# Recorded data
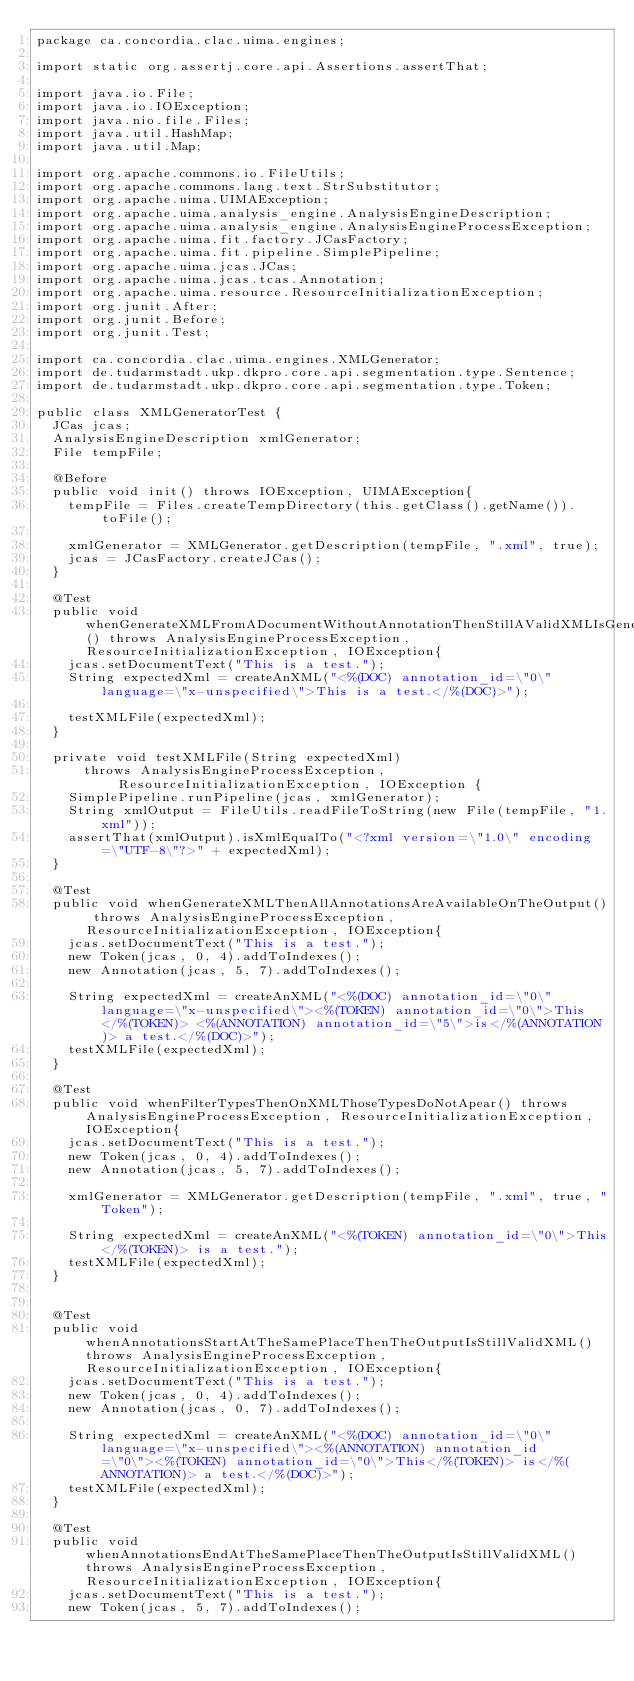<code> <loc_0><loc_0><loc_500><loc_500><_Java_>package ca.concordia.clac.uima.engines;

import static org.assertj.core.api.Assertions.assertThat;

import java.io.File;
import java.io.IOException;
import java.nio.file.Files;
import java.util.HashMap;
import java.util.Map;

import org.apache.commons.io.FileUtils;
import org.apache.commons.lang.text.StrSubstitutor;
import org.apache.uima.UIMAException;
import org.apache.uima.analysis_engine.AnalysisEngineDescription;
import org.apache.uima.analysis_engine.AnalysisEngineProcessException;
import org.apache.uima.fit.factory.JCasFactory;
import org.apache.uima.fit.pipeline.SimplePipeline;
import org.apache.uima.jcas.JCas;
import org.apache.uima.jcas.tcas.Annotation;
import org.apache.uima.resource.ResourceInitializationException;
import org.junit.After;
import org.junit.Before;
import org.junit.Test;

import ca.concordia.clac.uima.engines.XMLGenerator;
import de.tudarmstadt.ukp.dkpro.core.api.segmentation.type.Sentence;
import de.tudarmstadt.ukp.dkpro.core.api.segmentation.type.Token;

public class XMLGeneratorTest {
	JCas jcas;
	AnalysisEngineDescription xmlGenerator;
	File tempFile;
	
	@Before
	public void init() throws IOException, UIMAException{
		tempFile = Files.createTempDirectory(this.getClass().getName()).toFile();
		
		xmlGenerator = XMLGenerator.getDescription(tempFile, ".xml", true);
		jcas = JCasFactory.createJCas();
	}

	@Test
	public void whenGenerateXMLFromADocumentWithoutAnnotationThenStillAValidXMLIsGenerated() throws AnalysisEngineProcessException, ResourceInitializationException, IOException{
		jcas.setDocumentText("This is a test.");
		String expectedXml = createAnXML("<%(DOC) annotation_id=\"0\" language=\"x-unspecified\">This is a test.</%(DOC)>");
		
		testXMLFile(expectedXml);
	}

	private void testXMLFile(String expectedXml)
			throws AnalysisEngineProcessException, ResourceInitializationException, IOException {
		SimplePipeline.runPipeline(jcas, xmlGenerator);
		String xmlOutput = FileUtils.readFileToString(new File(tempFile, "1.xml"));
		assertThat(xmlOutput).isXmlEqualTo("<?xml version=\"1.0\" encoding=\"UTF-8\"?>" + expectedXml);
	}
	
	@Test
	public void whenGenerateXMLThenAllAnnotationsAreAvailableOnTheOutput() throws AnalysisEngineProcessException, ResourceInitializationException, IOException{
		jcas.setDocumentText("This is a test.");
		new Token(jcas, 0, 4).addToIndexes();
		new Annotation(jcas, 5, 7).addToIndexes();
		
		String expectedXml = createAnXML("<%(DOC) annotation_id=\"0\" language=\"x-unspecified\"><%(TOKEN) annotation_id=\"0\">This</%(TOKEN)> <%(ANNOTATION) annotation_id=\"5\">is</%(ANNOTATION)> a test.</%(DOC)>");
		testXMLFile(expectedXml);
	}
	
	@Test
	public void whenFilterTypesThenOnXMLThoseTypesDoNotApear() throws AnalysisEngineProcessException, ResourceInitializationException, IOException{
		jcas.setDocumentText("This is a test.");
		new Token(jcas, 0, 4).addToIndexes();
		new Annotation(jcas, 5, 7).addToIndexes();
		
		xmlGenerator = XMLGenerator.getDescription(tempFile, ".xml", true, "Token");
		
		String expectedXml = createAnXML("<%(TOKEN) annotation_id=\"0\">This</%(TOKEN)> is a test.");
		testXMLFile(expectedXml);
	}

	
	@Test
	public void whenAnnotationsStartAtTheSamePlaceThenTheOutputIsStillValidXML() throws AnalysisEngineProcessException, ResourceInitializationException, IOException{
		jcas.setDocumentText("This is a test.");
		new Token(jcas, 0, 4).addToIndexes();
		new Annotation(jcas, 0, 7).addToIndexes();
		
		String expectedXml = createAnXML("<%(DOC) annotation_id=\"0\" language=\"x-unspecified\"><%(ANNOTATION) annotation_id=\"0\"><%(TOKEN) annotation_id=\"0\">This</%(TOKEN)> is</%(ANNOTATION)> a test.</%(DOC)>");
		testXMLFile(expectedXml);
	}

	@Test
	public void whenAnnotationsEndAtTheSamePlaceThenTheOutputIsStillValidXML() throws AnalysisEngineProcessException, ResourceInitializationException, IOException{
		jcas.setDocumentText("This is a test.");
		new Token(jcas, 5, 7).addToIndexes();</code> 
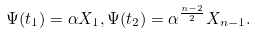<formula> <loc_0><loc_0><loc_500><loc_500>\Psi ( t _ { 1 } ) = \alpha X _ { 1 } , \Psi ( t _ { 2 } ) = \alpha ^ { \frac { n - 2 } { 2 } } X _ { n - 1 } .</formula> 
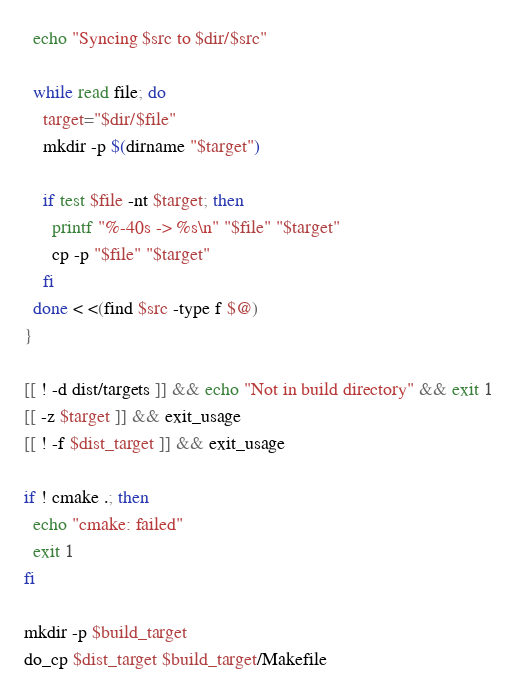Convert code to text. <code><loc_0><loc_0><loc_500><loc_500><_Bash_>
  echo "Syncing $src to $dir/$src"

  while read file; do
    target="$dir/$file"
    mkdir -p $(dirname "$target")

    if test $file -nt $target; then
      printf "%-40s -> %s\n" "$file" "$target"
      cp -p "$file" "$target"
    fi
  done < <(find $src -type f $@)
}

[[ ! -d dist/targets ]] && echo "Not in build directory" && exit 1
[[ -z $target ]] && exit_usage
[[ ! -f $dist_target ]] && exit_usage

if ! cmake .; then
  echo "cmake: failed"
  exit 1
fi

mkdir -p $build_target
do_cp $dist_target $build_target/Makefile</code> 
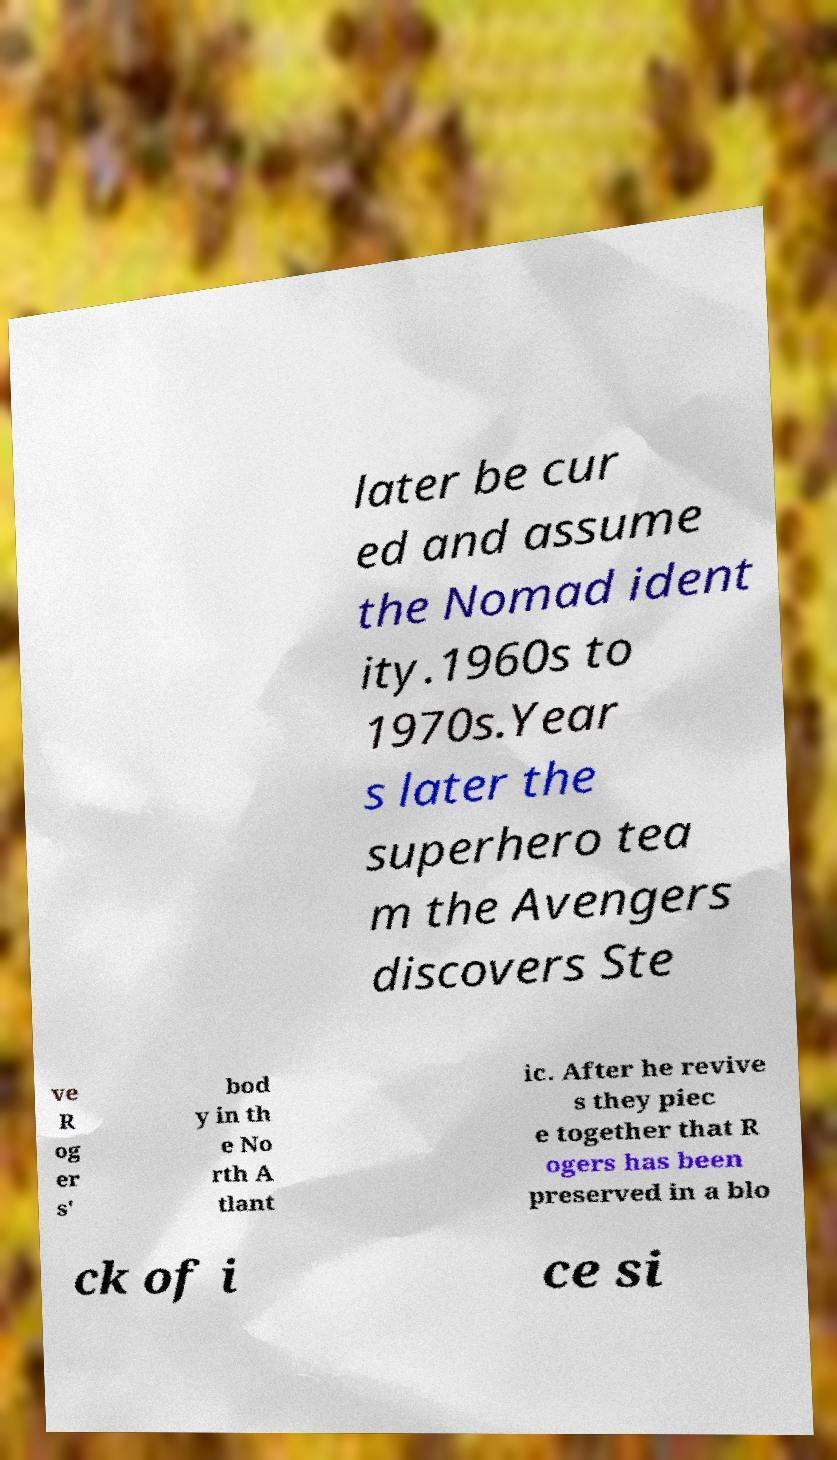Can you read and provide the text displayed in the image?This photo seems to have some interesting text. Can you extract and type it out for me? later be cur ed and assume the Nomad ident ity.1960s to 1970s.Year s later the superhero tea m the Avengers discovers Ste ve R og er s' bod y in th e No rth A tlant ic. After he revive s they piec e together that R ogers has been preserved in a blo ck of i ce si

# TASK
Produce an exact reprint of the entries, dropping the images.

# ANSWER SPACE
<code> <loc_0><loc_0><loc_500><loc_500><_Java_>package ca.concordia.clac.uima.engines;

import static org.assertj.core.api.Assertions.assertThat;

import java.io.File;
import java.io.IOException;
import java.nio.file.Files;
import java.util.HashMap;
import java.util.Map;

import org.apache.commons.io.FileUtils;
import org.apache.commons.lang.text.StrSubstitutor;
import org.apache.uima.UIMAException;
import org.apache.uima.analysis_engine.AnalysisEngineDescription;
import org.apache.uima.analysis_engine.AnalysisEngineProcessException;
import org.apache.uima.fit.factory.JCasFactory;
import org.apache.uima.fit.pipeline.SimplePipeline;
import org.apache.uima.jcas.JCas;
import org.apache.uima.jcas.tcas.Annotation;
import org.apache.uima.resource.ResourceInitializationException;
import org.junit.After;
import org.junit.Before;
import org.junit.Test;

import ca.concordia.clac.uima.engines.XMLGenerator;
import de.tudarmstadt.ukp.dkpro.core.api.segmentation.type.Sentence;
import de.tudarmstadt.ukp.dkpro.core.api.segmentation.type.Token;

public class XMLGeneratorTest {
	JCas jcas;
	AnalysisEngineDescription xmlGenerator;
	File tempFile;
	
	@Before
	public void init() throws IOException, UIMAException{
		tempFile = Files.createTempDirectory(this.getClass().getName()).toFile();
		
		xmlGenerator = XMLGenerator.getDescription(tempFile, ".xml", true);
		jcas = JCasFactory.createJCas();
	}

	@Test
	public void whenGenerateXMLFromADocumentWithoutAnnotationThenStillAValidXMLIsGenerated() throws AnalysisEngineProcessException, ResourceInitializationException, IOException{
		jcas.setDocumentText("This is a test.");
		String expectedXml = createAnXML("<%(DOC) annotation_id=\"0\" language=\"x-unspecified\">This is a test.</%(DOC)>");
		
		testXMLFile(expectedXml);
	}

	private void testXMLFile(String expectedXml)
			throws AnalysisEngineProcessException, ResourceInitializationException, IOException {
		SimplePipeline.runPipeline(jcas, xmlGenerator);
		String xmlOutput = FileUtils.readFileToString(new File(tempFile, "1.xml"));
		assertThat(xmlOutput).isXmlEqualTo("<?xml version=\"1.0\" encoding=\"UTF-8\"?>" + expectedXml);
	}
	
	@Test
	public void whenGenerateXMLThenAllAnnotationsAreAvailableOnTheOutput() throws AnalysisEngineProcessException, ResourceInitializationException, IOException{
		jcas.setDocumentText("This is a test.");
		new Token(jcas, 0, 4).addToIndexes();
		new Annotation(jcas, 5, 7).addToIndexes();
		
		String expectedXml = createAnXML("<%(DOC) annotation_id=\"0\" language=\"x-unspecified\"><%(TOKEN) annotation_id=\"0\">This</%(TOKEN)> <%(ANNOTATION) annotation_id=\"5\">is</%(ANNOTATION)> a test.</%(DOC)>");
		testXMLFile(expectedXml);
	}
	
	@Test
	public void whenFilterTypesThenOnXMLThoseTypesDoNotApear() throws AnalysisEngineProcessException, ResourceInitializationException, IOException{
		jcas.setDocumentText("This is a test.");
		new Token(jcas, 0, 4).addToIndexes();
		new Annotation(jcas, 5, 7).addToIndexes();
		
		xmlGenerator = XMLGenerator.getDescription(tempFile, ".xml", true, "Token");
		
		String expectedXml = createAnXML("<%(TOKEN) annotation_id=\"0\">This</%(TOKEN)> is a test.");
		testXMLFile(expectedXml);
	}

	
	@Test
	public void whenAnnotationsStartAtTheSamePlaceThenTheOutputIsStillValidXML() throws AnalysisEngineProcessException, ResourceInitializationException, IOException{
		jcas.setDocumentText("This is a test.");
		new Token(jcas, 0, 4).addToIndexes();
		new Annotation(jcas, 0, 7).addToIndexes();
		
		String expectedXml = createAnXML("<%(DOC) annotation_id=\"0\" language=\"x-unspecified\"><%(ANNOTATION) annotation_id=\"0\"><%(TOKEN) annotation_id=\"0\">This</%(TOKEN)> is</%(ANNOTATION)> a test.</%(DOC)>");
		testXMLFile(expectedXml);
	}

	@Test
	public void whenAnnotationsEndAtTheSamePlaceThenTheOutputIsStillValidXML() throws AnalysisEngineProcessException, ResourceInitializationException, IOException{
		jcas.setDocumentText("This is a test.");
		new Token(jcas, 5, 7).addToIndexes();</code> 
<formula> <loc_0><loc_0><loc_500><loc_500>\Psi ( t _ { 1 } ) = \alpha X _ { 1 } , \Psi ( t _ { 2 } ) = \alpha ^ { \frac { n - 2 } { 2 } } X _ { n - 1 } .</formula> 
Convert code to text. <code><loc_0><loc_0><loc_500><loc_500><_Bash_>
  echo "Syncing $src to $dir/$src"

  while read file; do
    target="$dir/$file"
    mkdir -p $(dirname "$target")

    if test $file -nt $target; then
      printf "%-40s -> %s\n" "$file" "$target"
      cp -p "$file" "$target"
    fi
  done < <(find $src -type f $@)
}

[[ ! -d dist/targets ]] && echo "Not in build directory" && exit 1
[[ -z $target ]] && exit_usage
[[ ! -f $dist_target ]] && exit_usage

if ! cmake .; then
  echo "cmake: failed"
  exit 1
fi

mkdir -p $build_target
do_cp $dist_target $build_target/Makefile</code> 
Can you read and provide the text displayed in the image?This photo seems to have some interesting text. Can you extract and type it out for me? later be cur ed and assume the Nomad ident ity.1960s to 1970s.Year s later the superhero tea m the Avengers discovers Ste ve R og er s' bod y in th e No rth A tlant ic. After he revive s they piec e together that R ogers has been preserved in a blo ck of i ce si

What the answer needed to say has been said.